先将 $RSS$ 转换为关于 $a$ 的形式：

$RSS=\sum\limits_{i=1}^n(ad_i+b-v_i)^2=(\sum\limits_{i=1}^nd_i^2)a^2+2(\sum\limits_{i=1}^nd_i(b-v_i))a+(\sum\limits_{i=1}^n(b-v_i)^2)$

由 $n\sum\limits_{i=1}^nd_i^2\neq(\sum\limits_{i=1}^nd_i)^2$ 知 $d_i$ 不全相等，故 $\sum\limits_{i=1}^nd_i^2>0$，故此处 $a=-\frac{\sum\limits_{i=1}^nd_i(b-v_i)}{\sum\limits_{i=1}^nd_i^2}$ 取最小值。

将此时的 $RSS$ 转换为关于 $b$ 的形式：

此时 $RSS=\frac{1}{\sum\limits_{i=1}^nd_i^2}(\sum\limits_{i=1}^nd_i^2\sum\limits_{i=1}^n(b-v_i)^2-(\sum\limits_{i=1}^nd_i(b-v_i))^2)=\frac{(n\sum\limits_{i=1}^nd_i^2-(\sum\limits_{i=1}^nd_i)^2)b^2-2(\sum\limits_{i=1}^nv_i\sum\limits_{i=1}^nd_i^2-\sum\limits_{i=1}^nd_i\sum\limits_{i=1}^nd_iv_i)b+(\sum\limits_{i=1}^nd_i^2\sum\limits_{i=1}^nv_i^2-(\sum\limits_{i=1}^nd_iv_i)^2)}{\sum\limits_{i=1}^nd_i^2}$ 为一个关于 $b$ 的二次函数。

由题 $n\sum\limits_{i=1}^nd_i^2-(\sum\limits_{i=1}^nd_i)^2\neq0$ 且由柯西不等式知 $n\sum\limits_{i=1}^nd_i^2-(\sum\limits_{i=1}^nd_i)^2\ge0$。

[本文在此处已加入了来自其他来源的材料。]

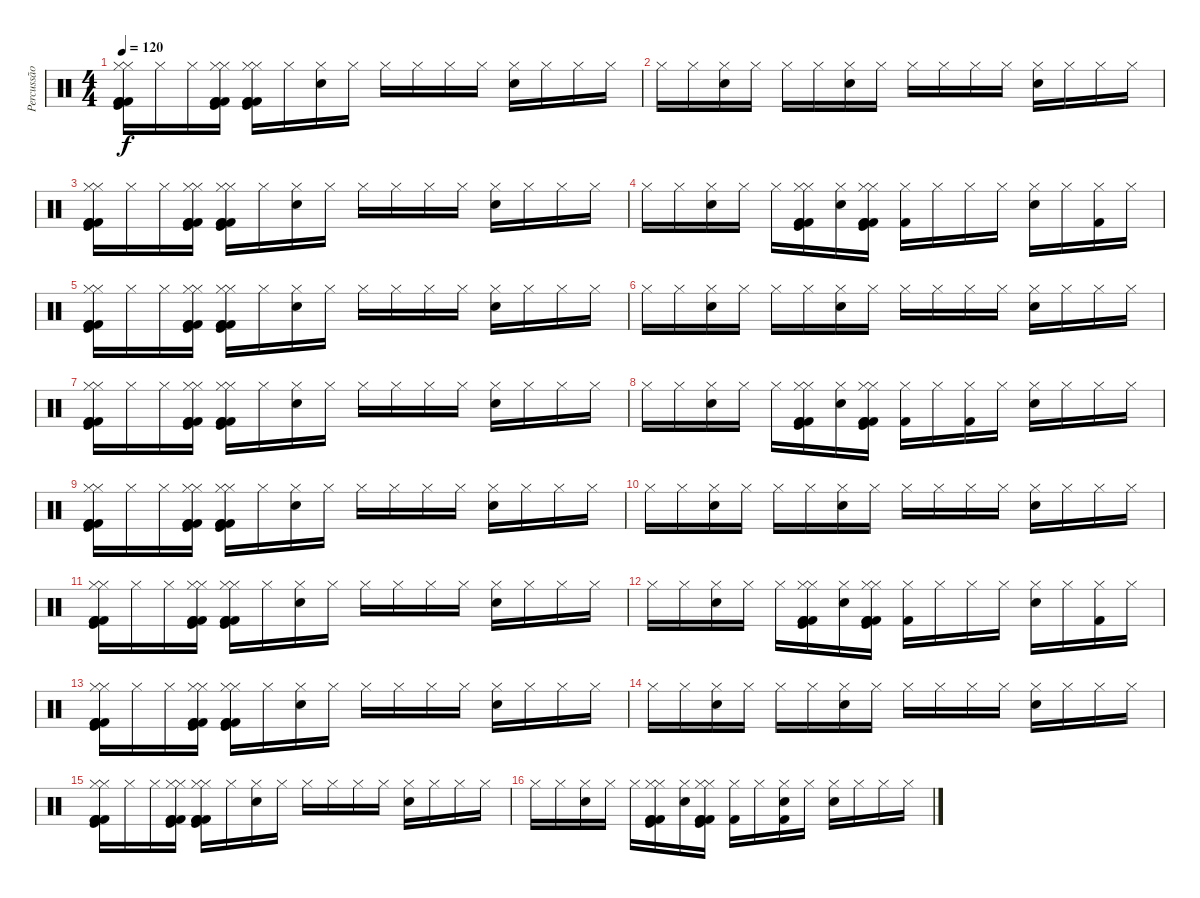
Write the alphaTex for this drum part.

\track ("Percussão" "Percussão") {instrument percussion}
\staff {score}
\articulation defaults
\ts (4 4)
\tempo 120
\clef neutral
\ks c
("Hi-Hat (closed)" "Kick (hit)" "Kick (hit) 2" "Kick (hit) 2" "Hi-Hat (closed)" "Kick (hit) 2").16{dy f} "Hi-Hat (closed)".16 "Hi-Hat (closed)".16 ("Hi-Hat (closed)" "Kick (hit)" "Kick (hit) 2" "Kick (hit) 2" "Hi-Hat (closed)" "Kick (hit) 2").16 ("Hi-Hat (closed)" "Kick (hit)" "Kick (hit) 2" "Kick (hit) 2" "Hi-Hat (closed)" "Kick (hit) 2").16 "Hi-Hat (closed)".16 ("Electric Snare (hit)" "Hi-Hat (closed)").16 "Hi-Hat (closed)".16 "Hi-Hat (closed)".16 "Hi-Hat (closed)".16 "Hi-Hat (closed)".16 "Hi-Hat (closed)".16 ("Electric Snare (hit)" "Hi-Hat (closed)").16 "Hi-Hat (closed)".16 "Hi-Hat (closed)".16 "Hi-Hat (closed)".16 |
"Hi-Hat (closed)".16 "Hi-Hat (closed)".16 ("Electric Snare (hit)" "Hi-Hat (closed)").16 "Hi-Hat (closed)".16 "Hi-Hat (closed)".16 "Hi-Hat (closed)".16 ("Electric Snare (hit)" "Hi-Hat (closed)").16 "Hi-Hat (closed)".16 "Hi-Hat (closed)".16 "Hi-Hat (closed)".16 "Hi-Hat (closed)".16 "Hi-Hat (closed)".16 ("Electric Snare (hit)" "Hi-Hat (closed)").16 "Hi-Hat (closed)".16 "Hi-Hat (closed)".16 "Hi-Hat (closed)".16 |
("Hi-Hat (closed)" "Kick (hit)" "Kick (hit) 2" "Kick (hit) 2" "Hi-Hat (closed)" "Kick (hit) 2").16 "Hi-Hat (closed)".16 "Hi-Hat (closed)".16 ("Hi-Hat (closed)" "Kick (hit)" "Kick (hit) 2" "Kick (hit) 2" "Hi-Hat (closed)" "Kick (hit) 2").16 ("Hi-Hat (closed)" "Kick (hit)" "Kick (hit) 2" "Kick (hit) 2" "Hi-Hat (closed)" "Kick (hit) 2").16 "Hi-Hat (closed)".16 ("Electric Snare (hit)" "Hi-Hat (closed)").16 "Hi-Hat (closed)".16 "Hi-Hat (closed)".16 "Hi-Hat (closed)".16 "Hi-Hat (closed)".16 "Hi-Hat (closed)".16 ("Electric Snare (hit)" "Hi-Hat (closed)").16 "Hi-Hat (closed)".16 "Hi-Hat (closed)".16 "Hi-Hat (closed)".16 |
"Hi-Hat (closed)".16 "Hi-Hat (closed)".16 ("Electric Snare (hit)" "Hi-Hat (closed)").16 "Hi-Hat (closed)".16 "Hi-Hat (closed)".16 ("Hi-Hat (closed)" "Kick (hit)" "Kick (hit) 2" "Kick (hit) 2" "Hi-Hat (closed)" "Kick (hit) 2").16 ("Electric Snare (hit)" "Hi-Hat (closed)").16 ("Hi-Hat (closed)" "Kick (hit)" "Kick (hit) 2" "Kick (hit) 2" "Hi-Hat (closed)" "Kick (hit) 2").16 ("Hi-Hat (closed)" "Kick (hit) 2").16 "Hi-Hat (closed)".16 "Hi-Hat (closed)".16 "Hi-Hat (closed)".16 ("Electric Snare (hit)" "Hi-Hat (closed)").16 "Hi-Hat (closed)".16 ("Hi-Hat (closed)" "Kick (hit) 2").16 "Hi-Hat (closed)".16 |
("Hi-Hat (closed)" "Kick (hit)" "Kick (hit) 2" "Kick (hit) 2" "Hi-Hat (closed)" "Kick (hit) 2").16 "Hi-Hat (closed)".16 "Hi-Hat (closed)".16 ("Hi-Hat (closed)" "Kick (hit)" "Kick (hit) 2" "Kick (hit) 2" "Hi-Hat (closed)" "Kick (hit) 2").16 ("Hi-Hat (closed)" "Kick (hit)" "Kick (hit) 2" "Kick (hit) 2" "Hi-Hat (closed)" "Kick (hit) 2").16 "Hi-Hat (closed)".16 ("Electric Snare (hit)" "Hi-Hat (closed)").16 "Hi-Hat (closed)".16 "Hi-Hat (closed)".16 "Hi-Hat (closed)".16 "Hi-Hat (closed)".16 "Hi-Hat (closed)".16 ("Electric Snare (hit)" "Hi-Hat (closed)").16 "Hi-Hat (closed)".16 "Hi-Hat (closed)".16 "Hi-Hat (closed)".16 |
"Hi-Hat (closed)".16 "Hi-Hat (closed)".16 ("Electric Snare (hit)" "Hi-Hat (closed)").16 "Hi-Hat (closed)".16 "Hi-Hat (closed)".16 "Hi-Hat (closed)".16 ("Electric Snare (hit)" "Hi-Hat (closed)").16 "Hi-Hat (closed)".16 "Hi-Hat (closed)".16 "Hi-Hat (closed)".16 "Hi-Hat (closed)".16 "Hi-Hat (closed)".16 ("Electric Snare (hit)" "Hi-Hat (closed)").16 "Hi-Hat (closed)".16 "Hi-Hat (closed)".16 "Hi-Hat (closed)".16 |
("Hi-Hat (closed)" "Kick (hit)" "Kick (hit) 2" "Kick (hit) 2" "Hi-Hat (closed)" "Kick (hit) 2").16 "Hi-Hat (closed)".16 "Hi-Hat (closed)".16 ("Hi-Hat (closed)" "Kick (hit)" "Kick (hit) 2" "Kick (hit) 2" "Hi-Hat (closed)" "Kick (hit) 2").16 ("Hi-Hat (closed)" "Kick (hit)" "Kick (hit) 2" "Kick (hit) 2" "Hi-Hat (closed)" "Kick (hit) 2").16 "Hi-Hat (closed)".16 ("Electric Snare (hit)" "Hi-Hat (closed)").16 "Hi-Hat (closed)".16 "Hi-Hat (closed)".16 "Hi-Hat (closed)".16 "Hi-Hat (closed)".16 "Hi-Hat (closed)".16 ("Electric Snare (hit)" "Hi-Hat (closed)").16 "Hi-Hat (closed)".16 "Hi-Hat (closed)".16 "Hi-Hat (closed)".16 |
"Hi-Hat (closed)".16 "Hi-Hat (closed)".16 ("Electric Snare (hit)" "Hi-Hat (closed)").16 "Hi-Hat (closed)".16 "Hi-Hat (closed)".16 ("Hi-Hat (closed)" "Kick (hit)" "Kick (hit) 2" "Kick (hit) 2" "Hi-Hat (closed)" "Kick (hit) 2").16 ("Electric Snare (hit)" "Hi-Hat (closed)").16 ("Hi-Hat (closed)" "Kick (hit)" "Kick (hit) 2" "Kick (hit) 2" "Hi-Hat (closed)" "Kick (hit) 2").16 ("Hi-Hat (closed)" "Kick (hit) 2").16 "Hi-Hat (closed)".16 ("Hi-Hat (closed)" "Kick (hit) 2").16 "Hi-Hat (closed)".16 ("Electric Snare (hit)" "Hi-Hat (closed)").16 "Hi-Hat (closed)".16 "Hi-Hat (closed)".16 "Hi-Hat (closed)".16 |
("Hi-Hat (closed)" "Kick (hit)" "Kick (hit) 2" "Kick (hit) 2" "Hi-Hat (closed)" "Kick (hit) 2").16 "Hi-Hat (closed)".16 "Hi-Hat (closed)".16 ("Hi-Hat (closed)" "Kick (hit)" "Kick (hit) 2" "Kick (hit) 2" "Hi-Hat (closed)" "Kick (hit) 2").16 ("Hi-Hat (closed)" "Kick (hit)" "Kick (hit) 2" "Kick (hit) 2" "Hi-Hat (closed)" "Kick (hit) 2").16 "Hi-Hat (closed)".16 ("Electric Snare (hit)" "Hi-Hat (closed)").16 "Hi-Hat (closed)".16 "Hi-Hat (closed)".16 "Hi-Hat (closed)".16 "Hi-Hat (closed)".16 "Hi-Hat (closed)".16 ("Electric Snare (hit)" "Hi-Hat (closed)").16 "Hi-Hat (closed)".16 "Hi-Hat (closed)".16 "Hi-Hat (closed)".16 |
"Hi-Hat (closed)".16 "Hi-Hat (closed)".16 ("Electric Snare (hit)" "Hi-Hat (closed)").16 "Hi-Hat (closed)".16 "Hi-Hat (closed)".16 "Hi-Hat (closed)".16 ("Electric Snare (hit)" "Hi-Hat (closed)").16 "Hi-Hat (closed)".16 "Hi-Hat (closed)".16 "Hi-Hat (closed)".16 "Hi-Hat (closed)".16 "Hi-Hat (closed)".16 ("Electric Snare (hit)" "Hi-Hat (closed)").16 "Hi-Hat (closed)".16 "Hi-Hat (closed)".16 "Hi-Hat (closed)".16 |
("Hi-Hat (closed)" "Kick (hit)" "Kick (hit) 2" "Kick (hit) 2" "Hi-Hat (closed)" "Kick (hit) 2").16 "Hi-Hat (closed)".16 "Hi-Hat (closed)".16 ("Hi-Hat (closed)" "Kick (hit)" "Kick (hit) 2" "Kick (hit) 2" "Hi-Hat (closed)" "Kick (hit) 2").16 ("Hi-Hat (closed)" "Kick (hit)" "Kick (hit) 2" "Kick (hit) 2" "Hi-Hat (closed)" "Kick (hit) 2").16 "Hi-Hat (closed)".16 ("Electric Snare (hit)" "Hi-Hat (closed)").16 "Hi-Hat (closed)".16 "Hi-Hat (closed)".16 "Hi-Hat (closed)".16 "Hi-Hat (closed)".16 "Hi-Hat (closed)".16 ("Electric Snare (hit)" "Hi-Hat (closed)").16 "Hi-Hat (closed)".16 "Hi-Hat (closed)".16 "Hi-Hat (closed)".16 |
"Hi-Hat (closed)".16 "Hi-Hat (closed)".16 ("Electric Snare (hit)" "Hi-Hat (closed)").16 "Hi-Hat (closed)".16 "Hi-Hat (closed)".16 ("Hi-Hat (closed)" "Kick (hit)" "Kick (hit) 2" "Kick (hit) 2" "Hi-Hat (closed)" "Kick (hit) 2").16 ("Electric Snare (hit)" "Hi-Hat (closed)").16 ("Hi-Hat (closed)" "Kick (hit)" "Kick (hit) 2" "Kick (hit) 2" "Hi-Hat (closed)" "Kick (hit) 2").16 ("Hi-Hat (closed)" "Kick (hit) 2").16 "Hi-Hat (closed)".16 "Hi-Hat (closed)".16 "Hi-Hat (closed)".16 ("Electric Snare (hit)" "Hi-Hat (closed)").16 "Hi-Hat (closed)".16 ("Hi-Hat (closed)" "Kick (hit) 2").16 "Hi-Hat (closed)".16 |
("Hi-Hat (closed)" "Kick (hit)" "Kick (hit) 2" "Kick (hit) 2" "Hi-Hat (closed)" "Kick (hit) 2").16 "Hi-Hat (closed)".16 "Hi-Hat (closed)".16 ("Hi-Hat (closed)" "Kick (hit)" "Kick (hit) 2" "Kick (hit) 2" "Hi-Hat (closed)" "Kick (hit) 2").16 ("Hi-Hat (closed)" "Kick (hit)" "Kick (hit) 2" "Kick (hit) 2" "Hi-Hat (closed)" "Kick (hit) 2").16 "Hi-Hat (closed)".16 ("Electric Snare (hit)" "Hi-Hat (closed)").16 "Hi-Hat (closed)".16 "Hi-Hat (closed)".16 "Hi-Hat (closed)".16 "Hi-Hat (closed)".16 "Hi-Hat (closed)".16 ("Electric Snare (hit)" "Hi-Hat (closed)").16 "Hi-Hat (closed)".16 "Hi-Hat (closed)".16 "Hi-Hat (closed)".16 |
"Hi-Hat (closed)".16 "Hi-Hat (closed)".16 ("Electric Snare (hit)" "Hi-Hat (closed)").16 "Hi-Hat (closed)".16 "Hi-Hat (closed)".16 "Hi-Hat (closed)".16 ("Electric Snare (hit)" "Hi-Hat (closed)").16 "Hi-Hat (closed)".16 "Hi-Hat (closed)".16 "Hi-Hat (closed)".16 "Hi-Hat (closed)".16 "Hi-Hat (closed)".16 ("Electric Snare (hit)" "Hi-Hat (closed)").16 "Hi-Hat (closed)".16 "Hi-Hat (closed)".16 "Hi-Hat (closed)".16 |
("Hi-Hat (closed)" "Kick (hit)" "Kick (hit) 2" "Kick (hit) 2" "Hi-Hat (closed)" "Kick (hit) 2").16 "Hi-Hat (closed)".16 "Hi-Hat (closed)".16 ("Hi-Hat (closed)" "Kick (hit)" "Kick (hit) 2" "Kick (hit) 2" "Hi-Hat (closed)" "Kick (hit) 2").16 ("Hi-Hat (closed)" "Kick (hit)" "Kick (hit) 2" "Kick (hit) 2" "Hi-Hat (closed)" "Kick (hit) 2").16 "Hi-Hat (closed)".16 ("Electric Snare (hit)" "Hi-Hat (closed)").16 "Hi-Hat (closed)".16 "Hi-Hat (closed)".16 "Hi-Hat (closed)".16 "Hi-Hat (closed)".16 "Hi-Hat (closed)".16 ("Electric Snare (hit)" "Hi-Hat (closed)").16 "Hi-Hat (closed)".16 "Hi-Hat (closed)".16 "Hi-Hat (closed)".16 |
"Hi-Hat (closed)".16 "Hi-Hat (closed)".16 ("Electric Snare (hit)" "Hi-Hat (closed)").16 "Hi-Hat (closed)".16 "Hi-Hat (closed)".16 ("Hi-Hat (closed)" "Kick (hit)" "Kick (hit) 2" "Kick (hit) 2" "Hi-Hat (closed)" "Kick (hit) 2").16 ("Electric Snare (hit)" "Hi-Hat (closed)").16 ("Hi-Hat (closed)" "Kick (hit)" "Kick (hit) 2" "Kick (hit) 2" "Hi-Hat (closed)" "Kick (hit) 2").16 ("Hi-Hat (closed)" "Kick (hit) 2").16 "Hi-Hat (closed)".16 ("Electric Snare (hit)" "Hi-Hat (closed)" "Kick (hit) 2").16 "Hi-Hat (closed)".16 ("Electric Snare (hit)" "Hi-Hat (closed)").16 "Hi-Hat (closed)".16 "Hi-Hat (closed)".16 "Hi-Hat (closed)".16

故取 $b=\frac{\sum\limits_{i=1}^nv_i\sum\limits_{i=1}^nd_i^2-\sum\limits_{i=1}^nd_i\sum\limits_{i=1}^nd_iv_i}{n\sum\limits_{i=1}^nd_i^2-(\sum\limits_{i=1}^nd_i)^2}$ 可使 $RSS$ 最小。

此时 $RSS=-\frac{(\sum\limits_{i=1}^nv_i\sum\limits_{i=1}^nd_i^2-\sum\limits_{i=1}^nd_i\sum\limits_{i=1}^nd_iv_i)^2}{(n\sum\limits_{i=1}^nd_i^2-(\sum\limits_{i=1}^nd_i)^2)\sum\limits_{i=1}^nd_i^2}+\frac{\sum\limits_{i=1}^nd_i^2\sum\limits_{i=1}^nv_i^2-(\sum\limits_{i=1}^nd_iv_i)^2}{\sum\limits_{i=1}^nd_i^2}$。

此时的 $\mathbb{E}[RSS]$ 即为所求。

注意到 $d_i$ 固定，也就是说 $-\frac{1}{(n\sum\limits_{i=1}^nd_i^2-(\sum\limits_{i=1}^nd_i)^2)\sum\limits_{i=1}^nd_i^2}$，$\sum\limits_{i=1}^nd_i$ 和 $\sum\limits_{i=1}^nd_i^2$ 都是固定的。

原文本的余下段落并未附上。